Marzo no fue nunca un mes neutral. En el calendario romano, los idus caían en el 15 del mes de Martius y eran días de buenos augurios: los 15 de marzo, mayo, julio y octubre y los días 13 del resto de los meses. Y así fue hasta que Julio César fue asesinado en los idus de marzo del año 44 a.C. En el tomo VI de Vidas paralelas, Plutarco relata que César fue advertido del peligro, pero –finalmente César– no quiso tomarlo en cuenta. Lo que es más extraordinario aún es que un ciego le había advertido del grave peligro que lo amenazaba en los idus de marzo, y ese día, cuando iba al Senado, llamó al invidente y, riendo, le dijo: “Los idus de marzo ya han llegado”, a lo que el ciego le contestó compasivamente: “Sí, pero no se han ido”.
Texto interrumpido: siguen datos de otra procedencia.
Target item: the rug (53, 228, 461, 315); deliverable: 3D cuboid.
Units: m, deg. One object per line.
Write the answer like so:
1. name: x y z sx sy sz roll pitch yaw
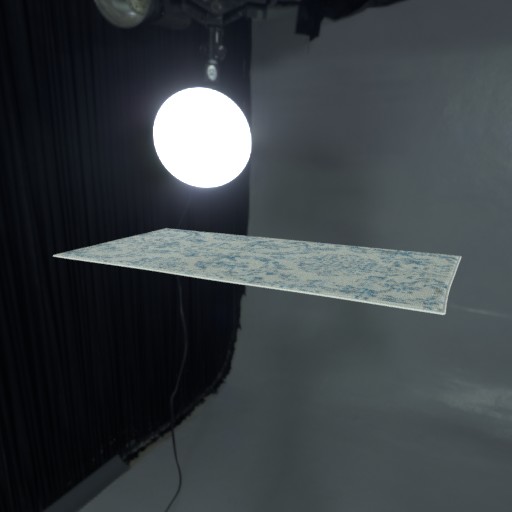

–La verdadera crisis hará su entrada en marzo –se escuchó decir en algunos medios durante el verano–;marzo será el mes de las tarifas altísimas, los colegios con aumento, los alimentos encarecidos. Y, finalmente, llegó marzo, y esta semana nos encontró más preocupados por conservar la vida que por cuidar los exiguos ingresos.

La inflación continúa latente pero ha detenido su vertiginoso crecimiento extraoficial. La palabra que marcará el primer semestre de 2009 es “desaceleración”, una especie de preocupante paz de cementerio que abre las puertas a la recesión. Ya en diciembre comenzó a discutirse quién le ponía el cascabel al gato: si la “desaceleración” era consecuencia de la crisis mundial o si, por el contrario, ya había comenzado en la Argentina antes de que se cayera el mundo.

La evolución de la “Canasta Crítica” publicada por este diario cada sábado muestra parte de este fenómeno: el aumento de precios a febrero de 2009 en comparación con el año anterior impacta más sobre los sectores de clase media que sobre los cercanos a la indigencia (cuadro 1).

La “Canasta Crítica” corresponde al estrato medio representado por los segmentos C2 y C3, que comprenden hoy al 40% de la población. Si se compara con el salario mínimo vital (cuadro 2).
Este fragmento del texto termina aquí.